According to Gordon Crovitz, former publisher of the Wall Street Journal and a co-founder at Journalism Online, the company has signed up 1,200 news providers, including newspapers, magazines and purely online sites, which will begin charging over the next few months. “People certainly won’t pay for information that’s easily available elsewhere for free, but I do think there’s a lot of evidence that they will pay for truly differentiated, distinctive journalism,” says Crovitz.
There are many logistical and legal questions left to be answered. For one thing, what’s to stop people from simply copying and pasting stories onto their blogs? In the view of some, what’s needed is an overhaul of copyright laws. Last summer, Richard Posner, a U.S Court of Appeals judge, suggested “expanding copyright law to bar online access to copyrighted materials.” Posner also proposed a ban on “linking to or paraphrasing copyrighted materials without the copyright holder’s consent.” The idea was roundly panned, and many journalists accused Posner of trying to protect an outdated version of the news industry. But Murdoch has also raised the spectre of lawsuits, threatening to go after the BBC’s online news site. “If you look at them, most of their stuff is stolen from the newspapers now, and we’ll be suing them for copyright,” he said recently.
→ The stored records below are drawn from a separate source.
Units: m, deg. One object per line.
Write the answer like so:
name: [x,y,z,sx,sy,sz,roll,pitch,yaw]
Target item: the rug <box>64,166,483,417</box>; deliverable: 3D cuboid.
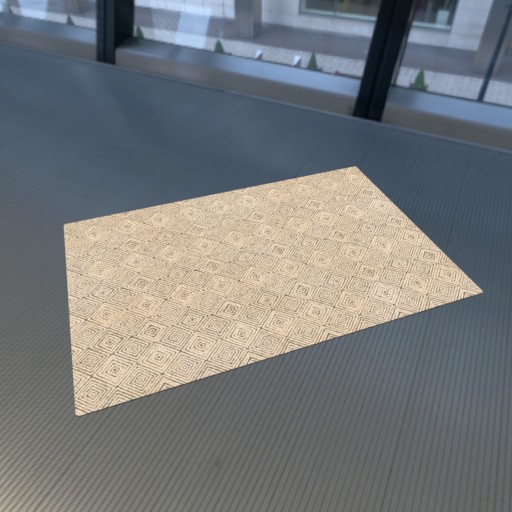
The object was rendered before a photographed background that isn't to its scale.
rug: [0.000,0.000,2.209,1.783,0.008,1.175,-14,44,-15]
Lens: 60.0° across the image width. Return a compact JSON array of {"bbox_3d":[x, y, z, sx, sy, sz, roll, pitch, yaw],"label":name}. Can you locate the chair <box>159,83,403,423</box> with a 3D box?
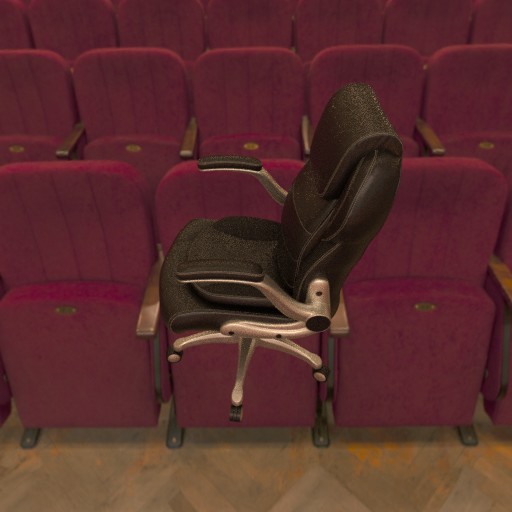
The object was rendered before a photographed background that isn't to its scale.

Media lawyers are doubtful legislators would rewrite the copyright rules. But David Ardia, a fellow at Harvard University’s Berkman Center for Internet & Society, says a recent case involving the New York Times could offer a precedent for the future. Oddly enough it was the Grey Lady that was on the receiving end of the suit. GateHouse Media, a publisher of hundreds of local print newspapers and websites, accused several Times Co. websites of stealing content when they reproduced the first sentences of GateHouse stories. The case settled out of court. But if companies like News Corp. do take Google to task in the courtroom, that principle could be pushed. Already, there are rumblings. Just this month, a Paris Court convicted Google of copyright infringement in a case involving online books. And Google is very careful to remove pirated videos from its YouTube site to avoid legal action.
Of course, all of this flies in the face of the utopian ideal that everything on the Internet must be free. Yet Barry Diller, the CEO of IAC InterActiveCorp., which owns 50 online brands including the Daily Beast and Ask.com, has called the present situation an accident of history. “I absolutely believe the Internet is passing from its free days into a paid system,” Diller said at an advertising conference a few months ago. “Not every single thing, but anything of value.” In fact, it’s conceivable that if enough papers prove that charging for content on the Internet works, some purely online news sites and blogs that generate original content may follow suit.
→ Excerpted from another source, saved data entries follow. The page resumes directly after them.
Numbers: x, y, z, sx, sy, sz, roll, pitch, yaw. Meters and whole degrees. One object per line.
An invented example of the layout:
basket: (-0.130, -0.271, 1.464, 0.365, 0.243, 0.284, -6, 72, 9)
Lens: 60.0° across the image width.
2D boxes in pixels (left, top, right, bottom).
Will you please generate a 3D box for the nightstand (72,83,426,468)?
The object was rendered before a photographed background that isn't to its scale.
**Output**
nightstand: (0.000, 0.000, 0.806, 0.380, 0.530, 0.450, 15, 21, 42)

It will take time to undo the damage newspapers have inflicted on themselves. Any company that relies on deep discounts to sell its products will inevitably struggle to get consumers to pay full price again, and it’s no different for papers. But that doesn’t mean readers will never pay. History has already shown that people can be prodded to radically alter their media consumption habits. One need look no further than the emergence of cable TV in the 1960s and ’70s.
The notion that anyone would willingly pay for TV, then freely available via bunny ears, seemed as far-fetched as charging for online content today. As the New York Times put it in the mid-1960s, “Pay-TV may turn out to be only a wonderful vision because the public is so indoctrinated with free TV that it will not bear the cost.” It took a long time to find the right payment model, too. In one almost comical 1963 experiment near Toronto, 1,000 households were given cable boxes. When they wanted to watch movies, they had to insert up to $2 in the coin machine attached to the receiver. These were the first micro-payments, and the system failed miserably. But today the average household in North America pays about $50 a month for TV. And Apple’s iTunes service has shown that even though it’s possible to steal music, lots of people don’t anymore.
For publishers, the transition from free to fee won’t be easy. Many will undoubtedly perish, especially those news organizations that have slashed their newsrooms to the bone and are no longer able to generate compelling, original content of their own. But Murdoch and others are banking that if they can make it easy enough to pay for news, and difficult enough to get it for free, readers will come around.